# spotting scope question



## deadicated1 (Mar 17, 2008)

all brands aside, would you rather have a smaller, lighter scope (60-65mm) with a higher quality glass, (HD or ED, etc.) or a heavier, bigger (80mm+) scope with maybe not the HD or ED glass. Keep in mind, this scope is for 10-15 mile hikes in the high country on hunting or scouting trips, so the weight is a factor. Help me make up my mind!!


----------



## Huge29 (Sep 17, 2007)

Let me move this to a more trafficked forum (fishing equipment forum isn't very related), this topic applies to numerous forums.


----------



## Kwalk3 (Jun 21, 2012)

If weight is a factor go with the smaller scope. I have a 65mm objective and it's still plenty of scope for everything I need. The 80 is gonna be heavy and bulky for 15 miles.


----------



## ntrl_brn_rebel (Sep 7, 2007)

65mm in any of the better glass is perfect in my opinion...if I hunted out of the truck, wheeler or something where weight isn't an issue I would go with an 80mm because it is nice to have a little bit more light!


----------



## brendo (Sep 10, 2013)

I would get the best of both world's and go with the 65 mm oh wait I just did I pulled the trigger on a vortex razor hd tonight so stoked! keep in mind if you go with a nicer scope you generally shed a few ounces over the less expensive stuff obviously not as light as a 50 but than you can use it everywhere and be happy with its performance. I used a vortex viper non hd in the 80mm quite a bit this season it was a decent scope but I felt there was a bit to be desired at its higher magnifications I would have much rather had better glass in a smaller package that thing sucked to lug in where we were hunting and the bigger objective I felt was not worth it. I don't know what your budget is or if there is a particular brand you are after but there is a guy on ksl advertising vortex scopes for cheap I contacted him for a few prices and he is the best I have found the viper hd 65mm for 550.00 and the razor hd 65mm for 1050.00 good luck with the search let us know what you end up with!


----------



## Dahlmer (Sep 12, 2007)

deadicated1 said:


> all brands aside, would you rather have a smaller, lighter scope (60-65mm) with a higher quality glass, (HD or ED, etc.) or a heavier, bigger (80mm+) scope with maybe not the HD or ED glass. Keep in mind, this scope is for 10-15 mile hikes in the high country on hunting or scouting trips, so the weight is a factor. Help me make up my mind!!

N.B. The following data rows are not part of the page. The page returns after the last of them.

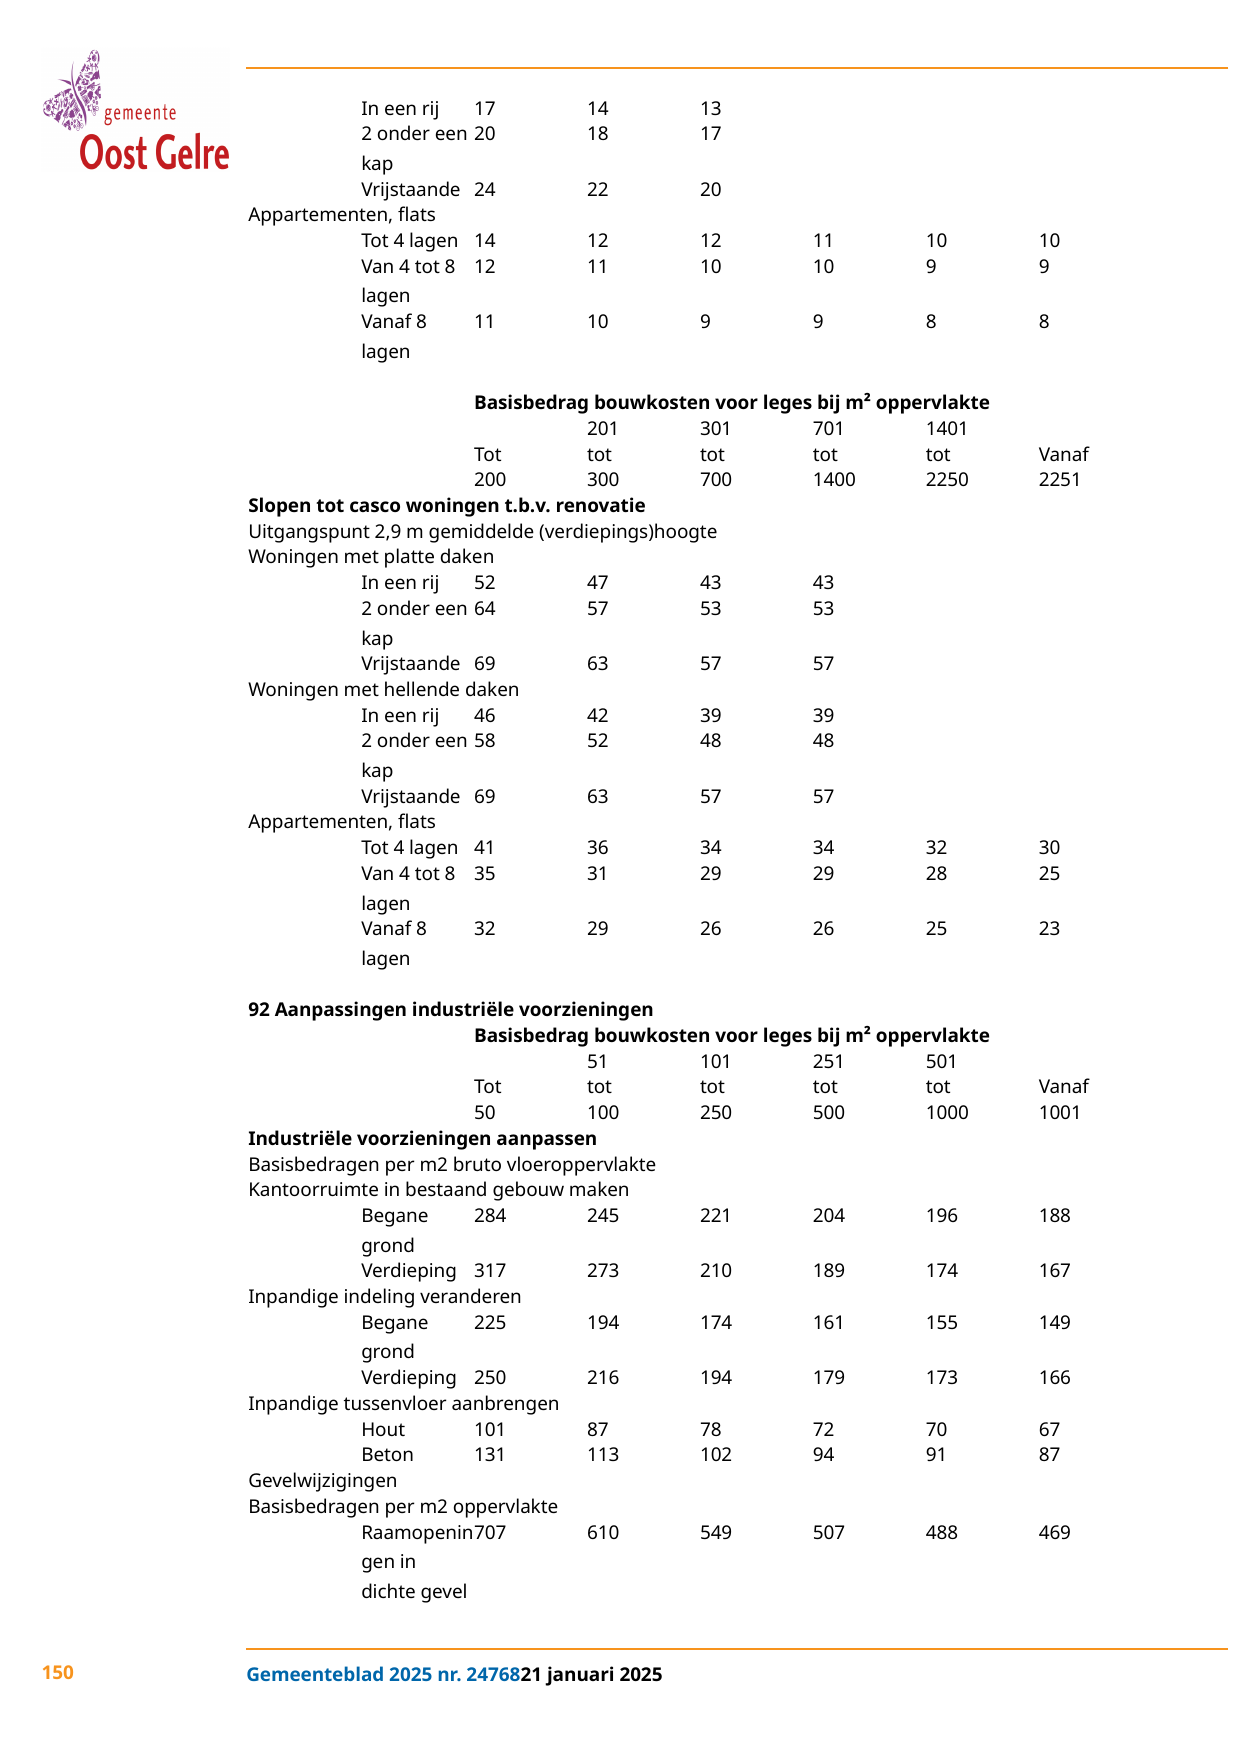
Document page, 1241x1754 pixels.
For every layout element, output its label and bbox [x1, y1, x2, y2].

picture [41, 47, 231, 172]
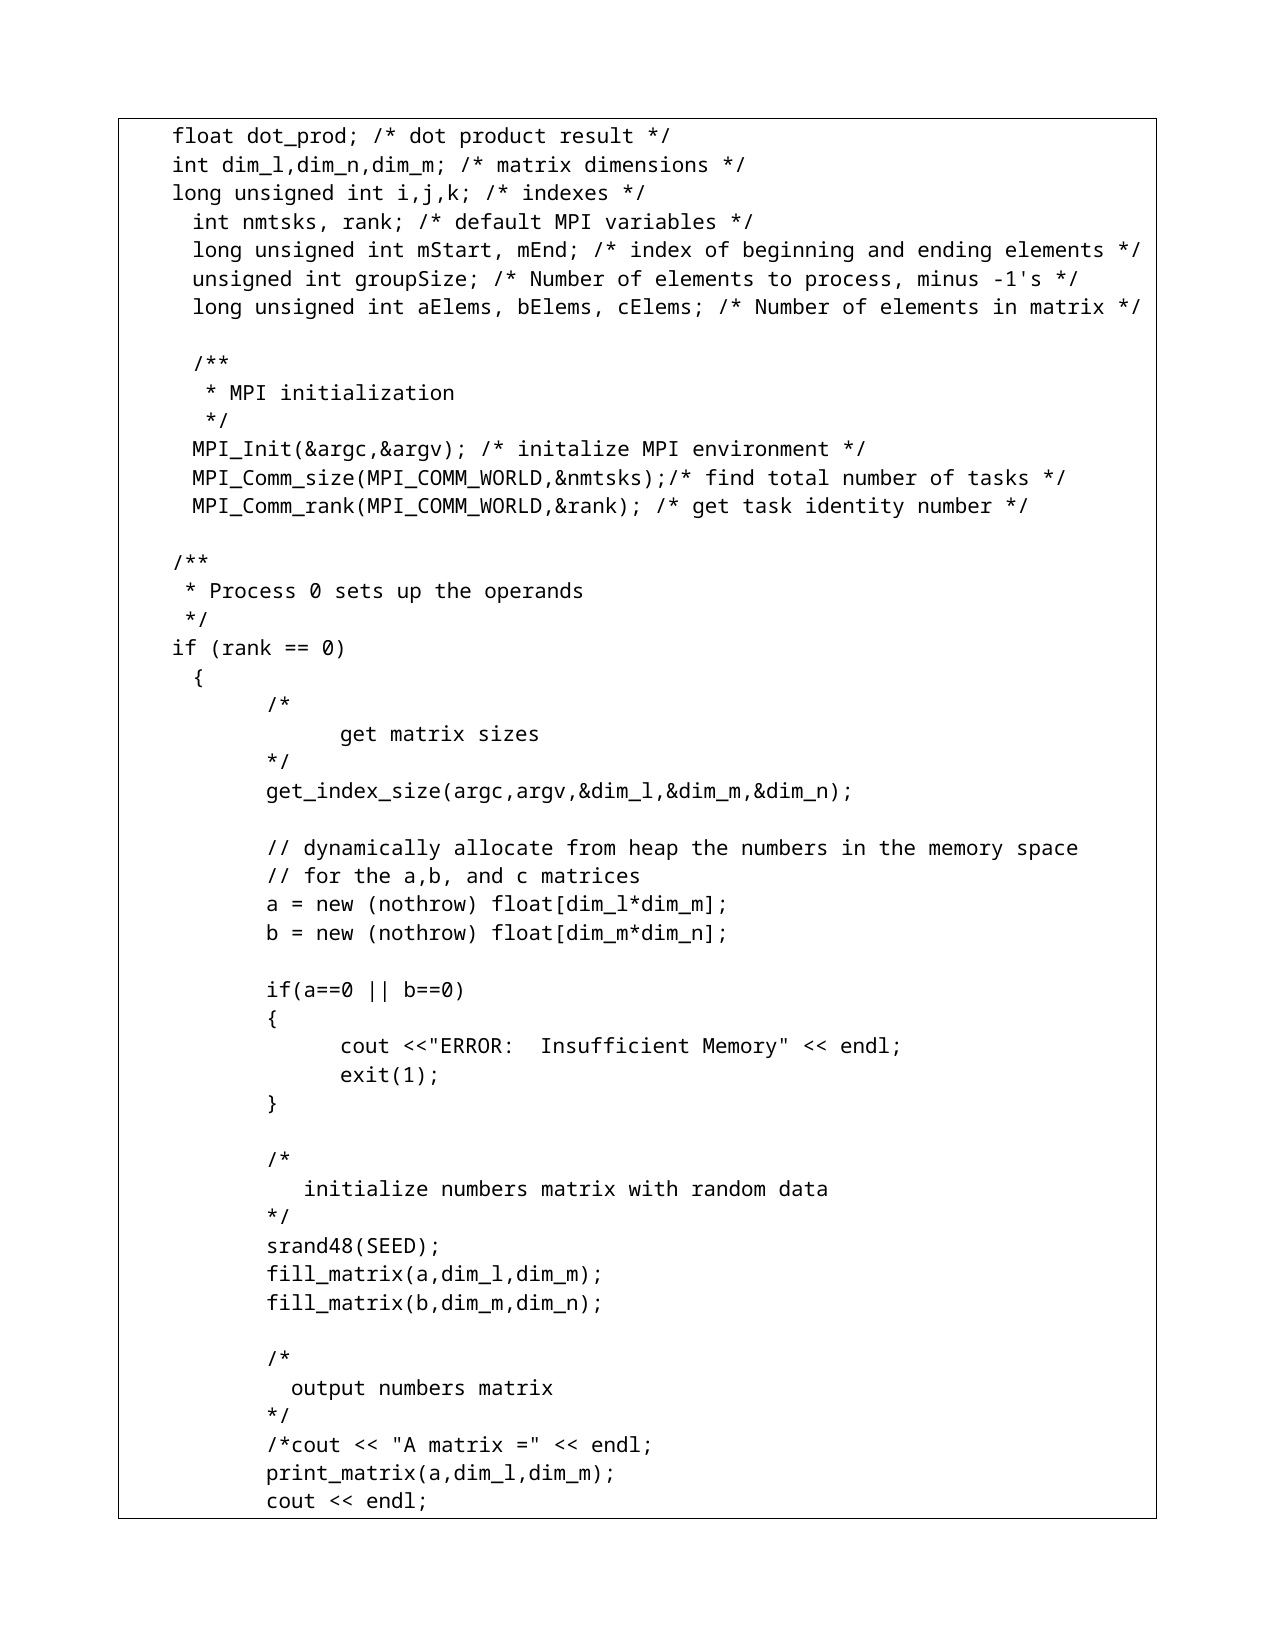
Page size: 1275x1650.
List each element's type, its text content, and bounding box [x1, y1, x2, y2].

text get_index_size(argc,argv,&dim_l,&dim_m,&dim_n); [119, 772, 1156, 804]
text int dim_l,dim_n,dim_m; /* matrix dimensions */ [119, 147, 1156, 175]
text fill_matrix(a,dim_l,dim_m); [119, 1256, 1156, 1284]
text output numbers matrix [119, 1369, 1156, 1398]
text b = new (nothrow) float[dim_m*dim_n]; [119, 914, 1156, 946]
text */ [119, 1199, 1156, 1227]
text initialize numbers matrix with random data [119, 1170, 1156, 1199]
text /** [119, 545, 1156, 573]
text /* [119, 687, 1156, 715]
text a = new (nothrow) float[dim_l*dim_m]; [119, 886, 1156, 914]
text srand48(SEED); [119, 1227, 1156, 1256]
text fill_matrix(b,dim_m,dim_n); [119, 1284, 1156, 1316]
text cout << endl; [119, 1483, 1156, 1518]
text float dot_prod; /* dot product result */ [119, 119, 1156, 147]
text cout <<"ERROR: Insufficient Memory" << endl; [119, 1028, 1156, 1057]
text // for the a,b, and c matrices [119, 857, 1156, 886]
text */ [119, 744, 1156, 772]
text get matrix sizes [119, 715, 1156, 744]
text /** [119, 346, 1156, 374]
text } [119, 1085, 1156, 1117]
text // dynamically allocate from heap the numbers in the memory space [119, 829, 1156, 857]
text if (rank == 0) [119, 630, 1156, 658]
text if(a==0 || b==0) [119, 971, 1156, 1000]
text MPI_Init(&argc,&argv); /* initalize MPI environment */ [119, 431, 1156, 459]
text long unsigned int i,j,k; /* indexes */ [119, 175, 1156, 203]
text exit(1); [119, 1057, 1156, 1085]
text { [119, 658, 1156, 687]
text { [119, 1000, 1156, 1028]
text long unsigned int mStart, mEnd; /* index of beginning and ending elements */ [119, 232, 1156, 260]
text /* [119, 1142, 1156, 1170]
text int nmtsks, rank; /* default MPI variables */ [119, 203, 1156, 232]
text */ [119, 602, 1156, 630]
text MPI_Comm_rank(MPI_COMM_WORLD,&rank); /* get task identity number */ [119, 488, 1156, 520]
text long unsigned int aElems, bElems, cElems; /* Number of elements in matrix */ [119, 289, 1156, 321]
text */ [119, 1398, 1156, 1426]
text /*cout << "A matrix =" << endl; [119, 1426, 1156, 1455]
text /* [119, 1341, 1156, 1369]
text * Process 0 sets up the operands [119, 573, 1156, 602]
text MPI_Comm_size(MPI_COMM_WORLD,&nmtsks);/* find total number of tasks */ [119, 459, 1156, 488]
text unsigned int groupSize; /* Number of elements to process, minus -1's */ [119, 260, 1156, 289]
text */ [119, 402, 1156, 431]
text print_matrix(a,dim_l,dim_m); [119, 1455, 1156, 1483]
text * MPI initialization [119, 374, 1156, 402]
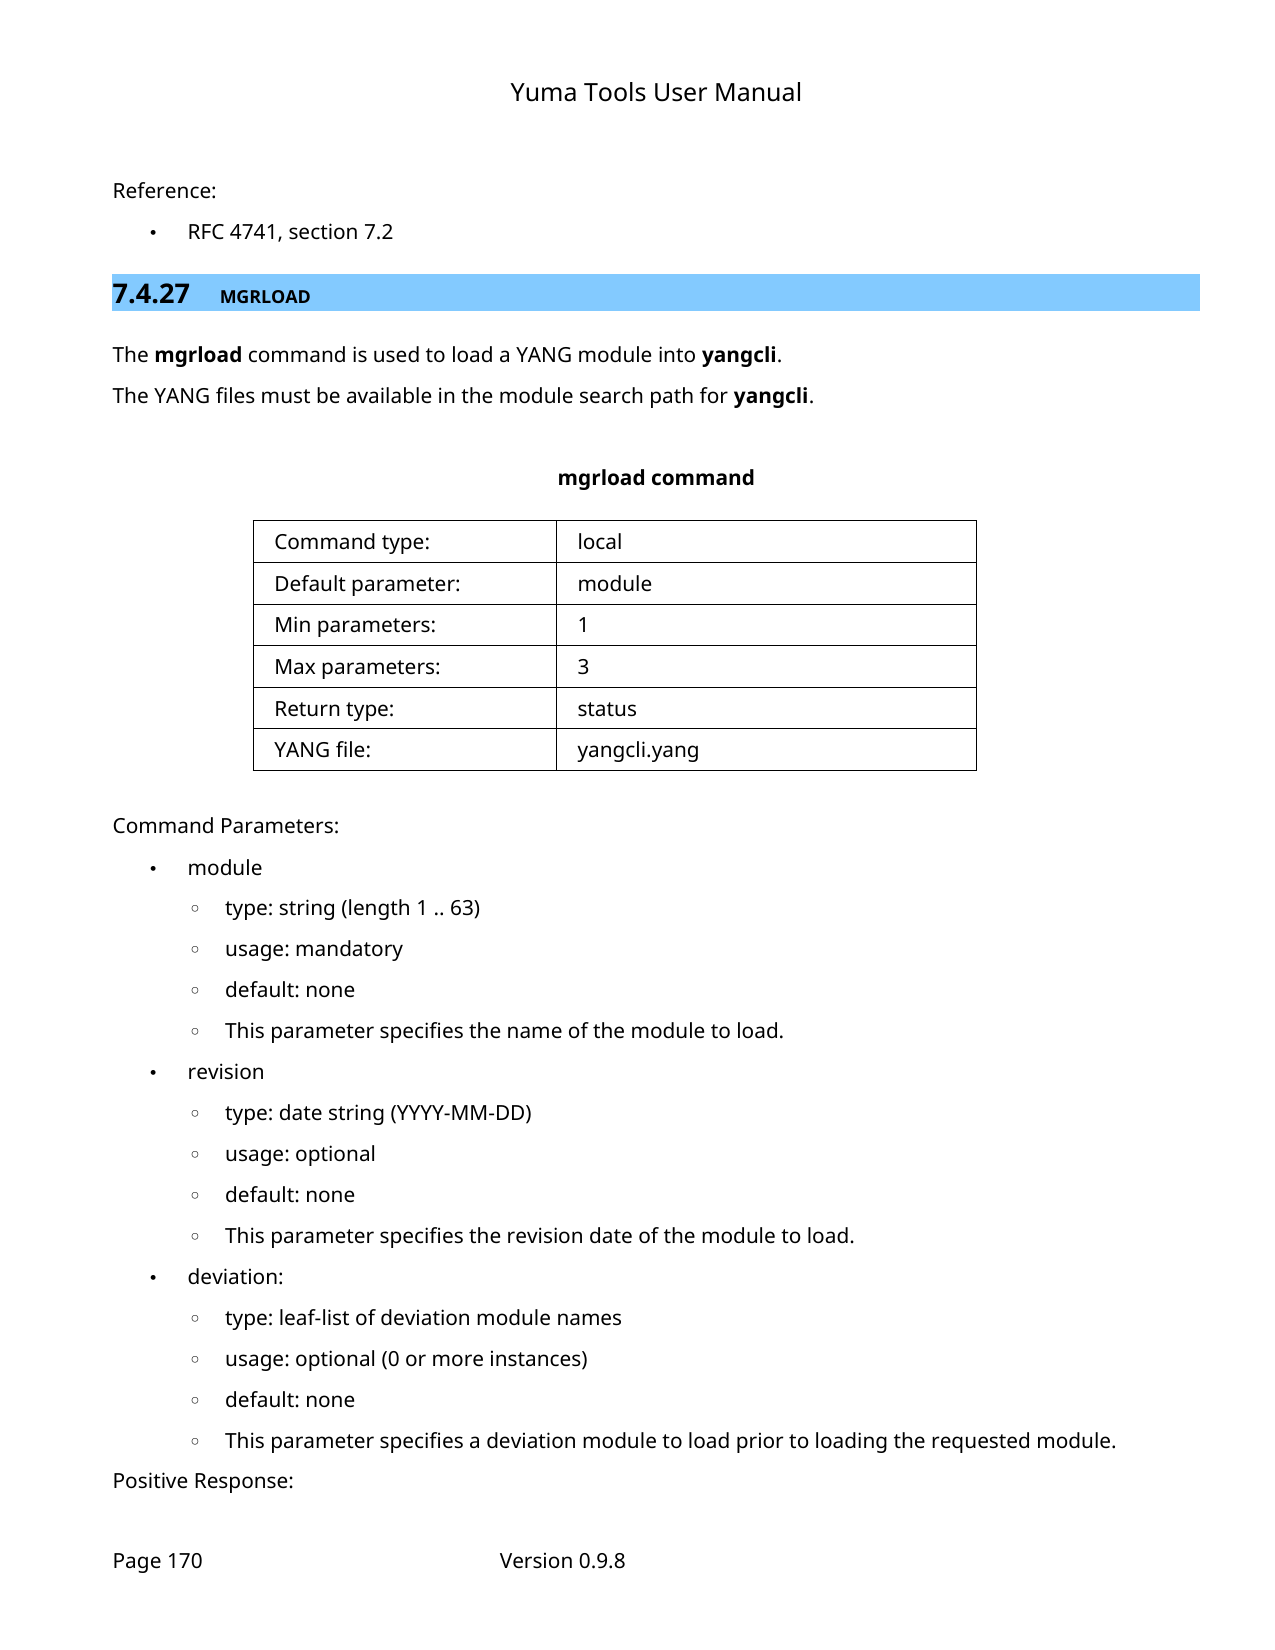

Smaller and lighter...If a scope is not convenient to pack I won't pack it. The best glass in the world is of no value if it isn't with you.


----------



## deadicated1 (Mar 17, 2008)

thanks for the input guys. (and sorry Huge, I dont frequent this forum as much anymore since the changes a while back)
I am looking at the Razor 65 HD, and I currently own a viper 80 non HD. I was very happy with the viper, but have not owned much to compare it to. I would love to buy the razor 85 for brightness purposes, but like was mentioned, the nicest glass in the world isnt worth having if its too heavy and bulky to carry.


----------



## torowy (Jun 19, 2008)

I went with a smaller scope so I could carry it with me everwhere. I am glad I went that way.


----------



## MWScott72 (May 23, 2011)

Sounds like u answered your own question. If you're packing in, go with the smaller, lighter package. Get the HD too - it only hurts your wallet once. After that you'll praise it every time you head to the hills!


----------